Lindsey Topping-Schuetz

On January 10th, I testified before the Washington State House Committee on Human Services, Youth and Early Learning in favor of HB2184. This legislation would authorize payment of parental care-givers of minor children with developmental disabilities. January 10th is a significant day for my family. Seven years ago, my husband and I would leave the hospital for the first time with our son, Owen. He spent 103 days in the NICU. We walked down the hallway lined with staff and family, everyone clapping and cheering. Owen came home dependent on oxygen and a feeding tube. He would have dozens of episodes a day that left him struggling to breathe. At three years old, Owen was granted hours to pay someone other than my husband or I to care for him. It's nearly impossible to utilize these hours because there's a shortage of nurses and they're not provided with the medical training required to care for my son. Care-giving a child like Owen goes well beyond parenting. The financial hardship has burdened our entire extended family. HB2184 has the ability to change the lives of families like mine. It is time for Washington to acknowledge the work of parent care-givers in the same way as all other care-givers.


Emily Holloway

I'm the mom of four children and I live in Virginia. Our daughter Chloe was diagnosed with a rare disease of her lymphatic system. While her life was seemingly normal for the first eight years, we drove head first into the medical world when she began showing signs of the disease. Working full time wasn't realistic, so I left my teaching career and our family income was cut in half. Chloe receives g-tube feedings and several medications, she needs assistance bathing and walking, she attends weekly therapy sessions and she requires a lot of care. I was given the opportunity to become her paid care-giver and I was thrilled to be home caring for Chloe, contributing to our finances, an opportunity that ended when the pandemic and medical lockdown concluded. Medicaid believes care-takers now need to head back to work and hire care-takers for their children. Additionally, there's a maximum amount of care hours a child can receive, regardless of their needs. The best interest of children is missing from these regulations. We hope our legislators will allow the parents who know their children best, love them the most and are the biggest advocates for their well-being, to remain their care-takers and receive a small reimbursement to help pay living expenses. 

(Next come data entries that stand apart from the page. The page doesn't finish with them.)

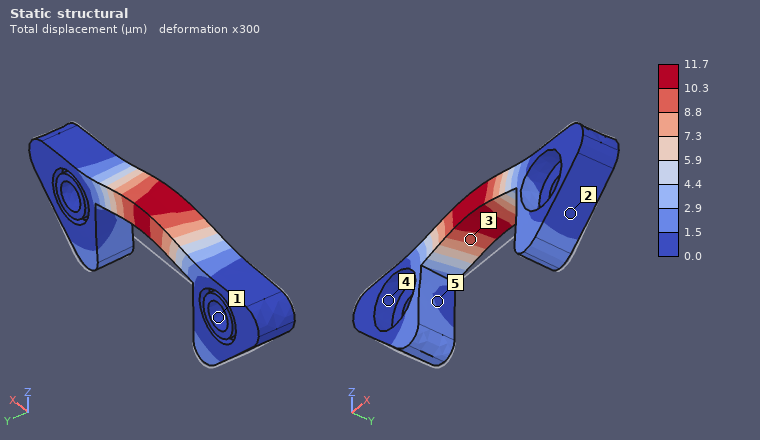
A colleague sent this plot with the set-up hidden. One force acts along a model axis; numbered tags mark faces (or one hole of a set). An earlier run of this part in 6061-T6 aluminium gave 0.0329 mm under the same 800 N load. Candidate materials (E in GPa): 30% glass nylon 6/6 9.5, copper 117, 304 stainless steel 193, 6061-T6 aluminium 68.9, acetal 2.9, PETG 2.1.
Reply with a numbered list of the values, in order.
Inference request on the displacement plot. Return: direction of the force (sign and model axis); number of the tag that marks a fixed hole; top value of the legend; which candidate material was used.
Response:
1. +Z
2. 1
3. 11.7 µm
4. 304 stainless steel
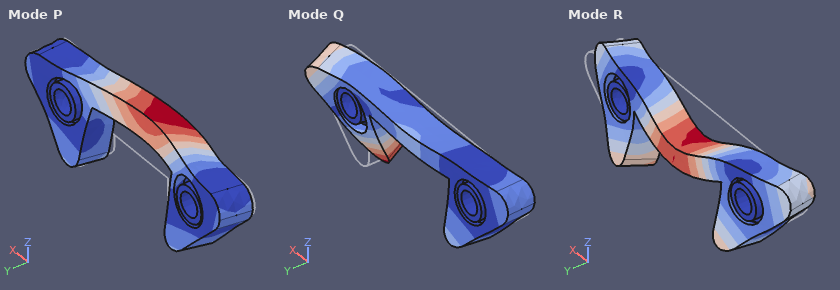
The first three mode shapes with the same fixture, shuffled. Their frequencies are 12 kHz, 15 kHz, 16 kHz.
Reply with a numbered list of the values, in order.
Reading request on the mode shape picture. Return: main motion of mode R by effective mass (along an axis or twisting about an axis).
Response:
1. along Z
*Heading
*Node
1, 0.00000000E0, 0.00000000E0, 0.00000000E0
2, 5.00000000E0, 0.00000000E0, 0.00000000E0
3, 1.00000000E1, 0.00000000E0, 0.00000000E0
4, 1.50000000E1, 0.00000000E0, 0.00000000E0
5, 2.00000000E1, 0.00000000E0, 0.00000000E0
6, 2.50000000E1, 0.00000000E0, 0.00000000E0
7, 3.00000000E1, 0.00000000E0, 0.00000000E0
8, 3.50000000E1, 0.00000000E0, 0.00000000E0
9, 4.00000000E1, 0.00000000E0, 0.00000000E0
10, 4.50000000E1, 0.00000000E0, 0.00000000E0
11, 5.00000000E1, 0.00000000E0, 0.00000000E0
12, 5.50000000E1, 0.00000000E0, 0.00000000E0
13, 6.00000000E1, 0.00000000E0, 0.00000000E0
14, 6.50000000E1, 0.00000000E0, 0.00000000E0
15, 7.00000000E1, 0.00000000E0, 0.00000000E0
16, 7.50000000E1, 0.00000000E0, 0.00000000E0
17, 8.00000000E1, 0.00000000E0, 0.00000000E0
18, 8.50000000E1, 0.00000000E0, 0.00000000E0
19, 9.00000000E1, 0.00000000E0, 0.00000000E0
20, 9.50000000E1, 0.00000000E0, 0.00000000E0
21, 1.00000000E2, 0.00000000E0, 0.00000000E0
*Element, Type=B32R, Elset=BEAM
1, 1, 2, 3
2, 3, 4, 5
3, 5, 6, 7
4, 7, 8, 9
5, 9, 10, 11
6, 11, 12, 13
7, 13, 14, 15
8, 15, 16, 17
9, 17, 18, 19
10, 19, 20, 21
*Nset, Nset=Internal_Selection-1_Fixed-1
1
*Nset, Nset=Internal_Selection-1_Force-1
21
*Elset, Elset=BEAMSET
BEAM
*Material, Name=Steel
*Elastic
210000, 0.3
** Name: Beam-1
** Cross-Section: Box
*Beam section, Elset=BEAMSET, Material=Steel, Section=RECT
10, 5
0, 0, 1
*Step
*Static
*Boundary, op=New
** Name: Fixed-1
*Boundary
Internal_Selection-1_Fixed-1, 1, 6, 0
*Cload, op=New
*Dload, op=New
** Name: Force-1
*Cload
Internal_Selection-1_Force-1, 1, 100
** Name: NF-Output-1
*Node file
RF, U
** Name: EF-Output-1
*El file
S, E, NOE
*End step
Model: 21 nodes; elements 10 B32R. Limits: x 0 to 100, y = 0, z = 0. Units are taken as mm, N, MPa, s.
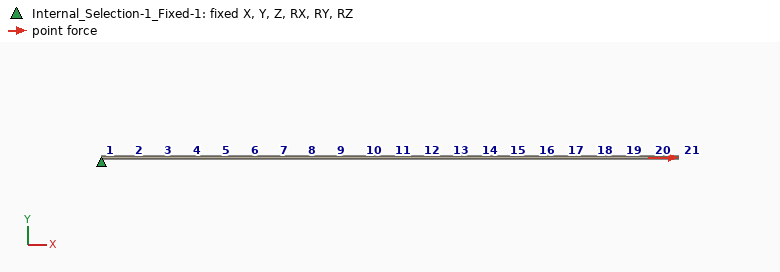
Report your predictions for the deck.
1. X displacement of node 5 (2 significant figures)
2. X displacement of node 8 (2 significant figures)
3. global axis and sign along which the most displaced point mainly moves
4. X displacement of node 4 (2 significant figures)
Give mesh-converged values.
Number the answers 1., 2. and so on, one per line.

1. 1.9e-04 mm
2. 3.3e-04 mm
3. +X
4. 1.4e-04 mm
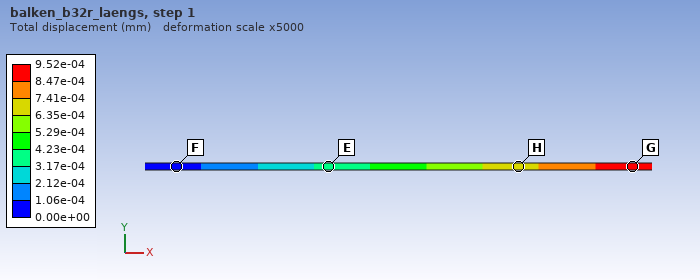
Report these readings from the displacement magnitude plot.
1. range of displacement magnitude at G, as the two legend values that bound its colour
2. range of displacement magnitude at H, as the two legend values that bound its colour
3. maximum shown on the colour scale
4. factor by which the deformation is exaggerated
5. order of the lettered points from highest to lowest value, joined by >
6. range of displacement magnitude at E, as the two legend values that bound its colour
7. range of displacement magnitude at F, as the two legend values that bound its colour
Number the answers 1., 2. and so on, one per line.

1. 8.47e-04 to 9.52e-04 mm
2. 6.35e-04 to 7.41e-04 mm
3. 9.52e-04 mm
4. 5000
5. G > H > E > F
6. 3.17e-04 to 4.23e-04 mm
7. 0.00e+00 to 1.06e-04 mm
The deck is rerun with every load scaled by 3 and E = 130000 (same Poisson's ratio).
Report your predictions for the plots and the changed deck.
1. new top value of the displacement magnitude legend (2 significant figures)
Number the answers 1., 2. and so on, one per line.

1. 0.0046 mm
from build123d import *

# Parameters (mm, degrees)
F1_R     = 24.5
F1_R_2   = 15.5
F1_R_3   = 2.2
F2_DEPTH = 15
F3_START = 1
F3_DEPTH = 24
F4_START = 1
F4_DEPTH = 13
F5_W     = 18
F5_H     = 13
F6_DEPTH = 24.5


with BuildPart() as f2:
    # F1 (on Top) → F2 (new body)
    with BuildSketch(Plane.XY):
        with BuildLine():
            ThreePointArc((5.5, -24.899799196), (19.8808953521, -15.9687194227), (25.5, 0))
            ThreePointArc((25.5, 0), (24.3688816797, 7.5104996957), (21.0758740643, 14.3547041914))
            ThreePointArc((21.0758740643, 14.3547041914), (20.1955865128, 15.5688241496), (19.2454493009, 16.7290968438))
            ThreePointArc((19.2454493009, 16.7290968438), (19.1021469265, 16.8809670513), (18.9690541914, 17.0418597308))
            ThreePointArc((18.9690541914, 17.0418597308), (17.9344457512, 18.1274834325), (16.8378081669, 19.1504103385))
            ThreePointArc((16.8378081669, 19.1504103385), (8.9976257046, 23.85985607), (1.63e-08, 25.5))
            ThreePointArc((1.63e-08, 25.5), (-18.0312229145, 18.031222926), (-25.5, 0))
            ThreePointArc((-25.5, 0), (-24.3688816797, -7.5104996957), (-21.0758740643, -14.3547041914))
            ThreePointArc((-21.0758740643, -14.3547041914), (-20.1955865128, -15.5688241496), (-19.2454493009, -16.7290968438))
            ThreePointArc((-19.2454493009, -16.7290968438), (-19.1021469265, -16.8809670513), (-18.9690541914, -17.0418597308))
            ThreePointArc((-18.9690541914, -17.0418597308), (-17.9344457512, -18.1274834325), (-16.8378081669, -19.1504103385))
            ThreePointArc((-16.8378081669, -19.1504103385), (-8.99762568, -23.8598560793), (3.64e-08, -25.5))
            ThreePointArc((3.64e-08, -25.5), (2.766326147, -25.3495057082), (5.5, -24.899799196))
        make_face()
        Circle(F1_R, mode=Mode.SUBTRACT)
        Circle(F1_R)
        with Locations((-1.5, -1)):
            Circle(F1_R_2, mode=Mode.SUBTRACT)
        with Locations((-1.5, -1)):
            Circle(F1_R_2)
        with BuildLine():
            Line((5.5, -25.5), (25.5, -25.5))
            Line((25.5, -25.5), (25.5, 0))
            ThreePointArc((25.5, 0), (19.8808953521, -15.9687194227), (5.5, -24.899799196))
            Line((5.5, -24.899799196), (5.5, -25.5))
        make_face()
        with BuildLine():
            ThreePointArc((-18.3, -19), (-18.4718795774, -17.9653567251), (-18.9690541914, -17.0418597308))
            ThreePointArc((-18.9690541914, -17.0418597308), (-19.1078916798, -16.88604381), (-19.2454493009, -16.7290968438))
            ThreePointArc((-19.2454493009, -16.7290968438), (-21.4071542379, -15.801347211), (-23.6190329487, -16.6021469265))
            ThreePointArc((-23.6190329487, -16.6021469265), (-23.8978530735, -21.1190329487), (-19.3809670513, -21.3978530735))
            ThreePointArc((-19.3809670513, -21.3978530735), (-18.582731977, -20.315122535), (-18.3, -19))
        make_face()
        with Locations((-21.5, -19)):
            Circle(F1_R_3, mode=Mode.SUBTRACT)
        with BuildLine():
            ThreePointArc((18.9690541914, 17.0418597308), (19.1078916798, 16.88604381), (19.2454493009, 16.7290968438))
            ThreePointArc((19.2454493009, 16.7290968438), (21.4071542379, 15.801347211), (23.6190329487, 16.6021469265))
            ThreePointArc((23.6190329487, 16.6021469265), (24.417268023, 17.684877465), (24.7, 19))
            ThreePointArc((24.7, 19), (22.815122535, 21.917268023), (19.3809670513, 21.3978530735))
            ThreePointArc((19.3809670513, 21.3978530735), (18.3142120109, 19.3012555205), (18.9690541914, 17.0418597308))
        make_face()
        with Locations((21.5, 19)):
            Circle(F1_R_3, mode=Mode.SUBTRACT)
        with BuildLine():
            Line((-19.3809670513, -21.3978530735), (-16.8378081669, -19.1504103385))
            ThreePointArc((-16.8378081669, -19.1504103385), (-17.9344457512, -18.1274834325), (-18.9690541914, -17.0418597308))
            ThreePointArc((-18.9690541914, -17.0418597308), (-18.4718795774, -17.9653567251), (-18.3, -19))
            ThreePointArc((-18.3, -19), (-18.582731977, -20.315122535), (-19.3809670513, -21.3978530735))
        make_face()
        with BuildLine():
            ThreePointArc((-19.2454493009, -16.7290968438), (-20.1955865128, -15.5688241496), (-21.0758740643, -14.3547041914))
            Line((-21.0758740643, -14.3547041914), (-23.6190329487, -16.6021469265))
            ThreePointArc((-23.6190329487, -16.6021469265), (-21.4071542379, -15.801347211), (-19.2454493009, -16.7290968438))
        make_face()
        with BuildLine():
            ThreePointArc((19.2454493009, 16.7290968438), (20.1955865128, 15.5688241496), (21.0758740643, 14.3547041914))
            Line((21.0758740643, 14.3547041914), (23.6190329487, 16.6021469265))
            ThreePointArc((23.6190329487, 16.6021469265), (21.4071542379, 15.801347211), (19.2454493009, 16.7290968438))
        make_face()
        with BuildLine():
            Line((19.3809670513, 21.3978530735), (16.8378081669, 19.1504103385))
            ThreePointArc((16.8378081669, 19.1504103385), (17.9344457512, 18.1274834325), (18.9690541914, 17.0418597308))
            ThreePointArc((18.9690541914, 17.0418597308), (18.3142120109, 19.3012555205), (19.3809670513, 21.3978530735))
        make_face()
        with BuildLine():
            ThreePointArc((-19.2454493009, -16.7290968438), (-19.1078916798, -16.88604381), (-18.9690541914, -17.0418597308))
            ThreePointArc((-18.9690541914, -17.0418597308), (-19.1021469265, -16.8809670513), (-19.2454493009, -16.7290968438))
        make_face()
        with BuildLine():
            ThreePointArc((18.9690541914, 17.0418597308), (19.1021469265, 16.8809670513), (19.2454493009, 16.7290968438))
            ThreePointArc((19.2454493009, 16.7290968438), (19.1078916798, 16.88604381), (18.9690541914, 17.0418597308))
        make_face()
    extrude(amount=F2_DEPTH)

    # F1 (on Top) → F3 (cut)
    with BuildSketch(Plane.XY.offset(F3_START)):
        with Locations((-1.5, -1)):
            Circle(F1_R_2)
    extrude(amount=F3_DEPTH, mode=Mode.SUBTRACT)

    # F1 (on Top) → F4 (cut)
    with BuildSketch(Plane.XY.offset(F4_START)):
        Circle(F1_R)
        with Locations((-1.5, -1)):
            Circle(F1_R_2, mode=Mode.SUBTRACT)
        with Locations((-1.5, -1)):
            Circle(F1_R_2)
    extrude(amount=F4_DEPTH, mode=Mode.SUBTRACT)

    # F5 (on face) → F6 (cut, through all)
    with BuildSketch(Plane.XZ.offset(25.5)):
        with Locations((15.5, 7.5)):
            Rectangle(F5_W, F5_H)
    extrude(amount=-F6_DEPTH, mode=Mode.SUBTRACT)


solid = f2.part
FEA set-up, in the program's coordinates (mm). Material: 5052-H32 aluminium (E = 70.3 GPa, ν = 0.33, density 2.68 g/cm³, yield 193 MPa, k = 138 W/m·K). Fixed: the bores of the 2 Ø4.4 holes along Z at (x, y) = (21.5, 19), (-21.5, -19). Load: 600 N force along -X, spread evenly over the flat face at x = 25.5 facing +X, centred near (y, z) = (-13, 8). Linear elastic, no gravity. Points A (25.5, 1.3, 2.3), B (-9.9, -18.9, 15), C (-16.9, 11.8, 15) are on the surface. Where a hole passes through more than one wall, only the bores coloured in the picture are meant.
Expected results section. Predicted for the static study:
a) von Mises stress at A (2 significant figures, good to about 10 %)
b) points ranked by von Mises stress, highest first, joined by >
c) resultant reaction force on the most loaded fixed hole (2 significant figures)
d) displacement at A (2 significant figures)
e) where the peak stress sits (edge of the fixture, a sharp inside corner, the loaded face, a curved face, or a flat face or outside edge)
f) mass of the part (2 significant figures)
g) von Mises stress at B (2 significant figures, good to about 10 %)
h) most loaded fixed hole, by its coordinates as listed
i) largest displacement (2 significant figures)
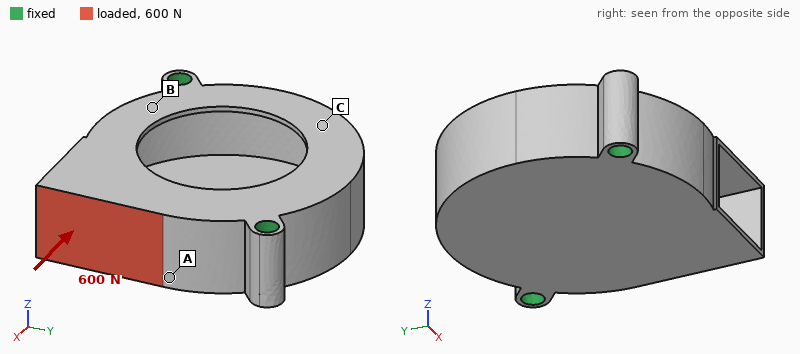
47 MPa
A > B > C
430 N
15 µm
a flat face or outside edge
17 g
31 MPa
(-21.5, -19)
87 µm
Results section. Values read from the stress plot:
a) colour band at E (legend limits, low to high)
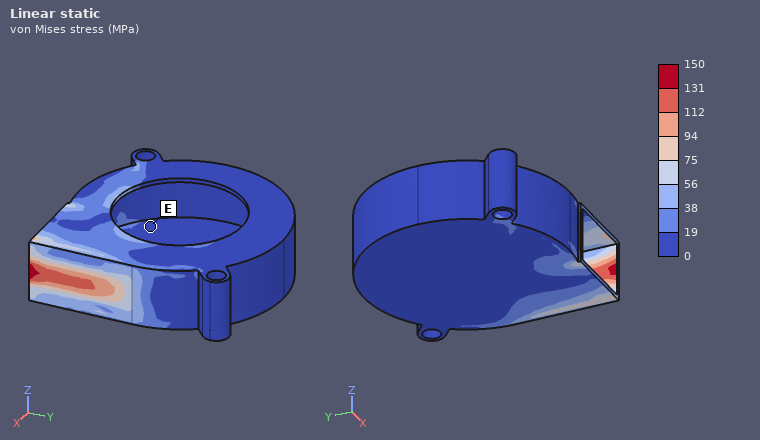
0 to 19 MPa
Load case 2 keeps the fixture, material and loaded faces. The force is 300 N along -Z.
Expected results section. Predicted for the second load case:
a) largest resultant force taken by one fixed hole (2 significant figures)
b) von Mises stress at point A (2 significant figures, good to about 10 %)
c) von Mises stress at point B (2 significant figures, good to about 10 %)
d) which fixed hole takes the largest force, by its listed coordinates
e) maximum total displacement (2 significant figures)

290 N
33 MPa
8.0 MPa
(21.5, 19)
95 µm
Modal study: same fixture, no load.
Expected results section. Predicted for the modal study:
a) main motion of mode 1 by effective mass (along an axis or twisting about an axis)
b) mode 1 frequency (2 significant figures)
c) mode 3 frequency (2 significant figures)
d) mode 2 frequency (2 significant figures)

along Z
3500 Hz
6100 Hz
5700 Hz
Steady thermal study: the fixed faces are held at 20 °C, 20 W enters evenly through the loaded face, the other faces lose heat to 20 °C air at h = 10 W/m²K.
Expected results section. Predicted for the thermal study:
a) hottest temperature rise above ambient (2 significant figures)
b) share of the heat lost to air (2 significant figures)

73 K
10 %
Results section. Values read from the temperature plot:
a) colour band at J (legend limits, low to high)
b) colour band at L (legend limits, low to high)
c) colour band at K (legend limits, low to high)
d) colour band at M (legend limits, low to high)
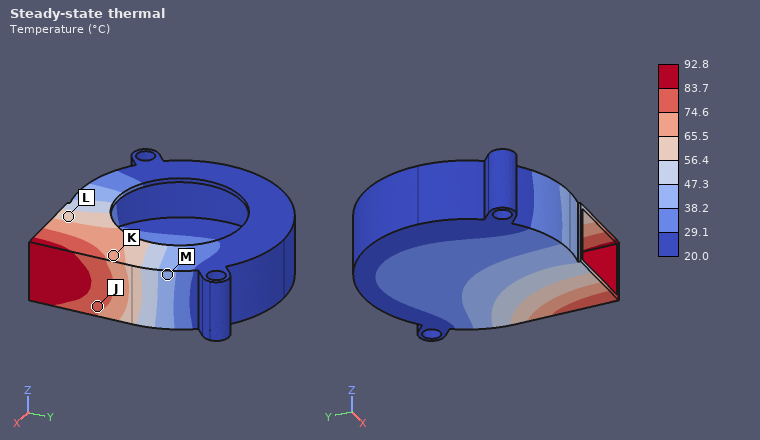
74.6 to 83.7 °C
56.4 to 65.5 °C
65.5 to 74.6 °C
38.2 to 47.3 °C
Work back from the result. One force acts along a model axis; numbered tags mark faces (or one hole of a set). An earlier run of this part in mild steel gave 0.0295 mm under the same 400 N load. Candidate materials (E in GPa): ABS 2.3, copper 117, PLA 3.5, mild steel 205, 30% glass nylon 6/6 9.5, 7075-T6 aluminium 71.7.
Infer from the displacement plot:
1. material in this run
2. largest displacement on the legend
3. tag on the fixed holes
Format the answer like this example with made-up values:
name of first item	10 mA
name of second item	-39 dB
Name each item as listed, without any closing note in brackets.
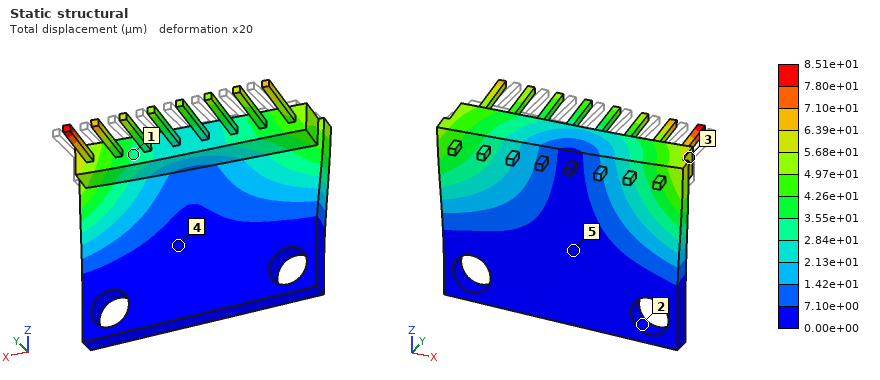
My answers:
material in this run	7075-T6 aluminium
largest displacement on the legend	8.51e+01 µm
tag on the fixed holes	2
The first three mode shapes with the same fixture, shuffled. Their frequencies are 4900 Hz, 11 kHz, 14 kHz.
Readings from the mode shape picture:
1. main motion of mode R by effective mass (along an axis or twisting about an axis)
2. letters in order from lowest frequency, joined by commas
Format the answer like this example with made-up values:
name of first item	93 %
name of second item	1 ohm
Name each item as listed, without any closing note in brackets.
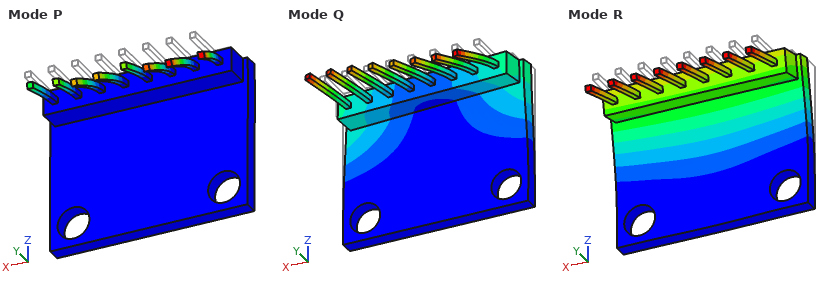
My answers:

[00:00:00] I'm Effie Parks.

[00:00:05] Welcome to Once Upon a Gene, a podcast.

[00:00:08] This is a place I created for us to connect and share the stories of our not so typical

[00:00:13] lives.

[00:00:14] Raising kids who are born with rare genetic syndromes and other types of disabilities

[00:00:18] can feel pretty isolating.

[00:00:21] What I know for sure is that when we can hear the triumphs and challenges from others who

[00:00:25] get it, we can find a lot more laughter, a lot more hope, and feel a lot less alone.

[00:00:31] I believe there are some magical healing powers that can happen for all of us through sharing

[00:00:36] our stories, and I'll take all the help I can get.

[00:00:43] Once Aponogene is proud to be part of Bloodstream Media, living in a family affected by rare

[00:00:49] and chronic illness can be isolating, and sometimes the best medicine is connecting to

[00:00:54] the voices of people who share your experience.

[00:00:57] This is why Bloodstream Media produces podcast blogs and other forms of content for patients,

[00:01:02] families and clinicians impacted by rare and chronic diseases.

[00:01:06] Visit bloodstreammedia.com to learn more.

[00:01:08] Hi there, and welcome to the show.

[00:01:10] I'm so thrilled to finally be getting back

[00:01:14] to our storytelling episodes that I call a rare collection.

[00:01:17] And I hope you're ready for the first one of the year

[00:01:20] because it's a big one.

[00:01:23] Today, we're confronting the pressing issue

[00:01:26] that affects the very fabric of our society.

[00:01:29] Unfilled promises of support by systems in our government

[00:01:34] for paid caregivers for children who have disabilities

[00:01:36] and medical complexities.

[00:01:38] And in a world where the wellbeing of our youngest

[00:01:40] should be a priority, we find ourselves at a crossroads

[00:01:44] where funds meant to support the development and care of our children are be a priority. We find ourselves at a crossroads where funds

[00:01:45] meant to support the development and care of our children

[00:01:48] are slipping through the cracks, unused and unclaimed

[00:01:52] due to the stark shortage of caregivers.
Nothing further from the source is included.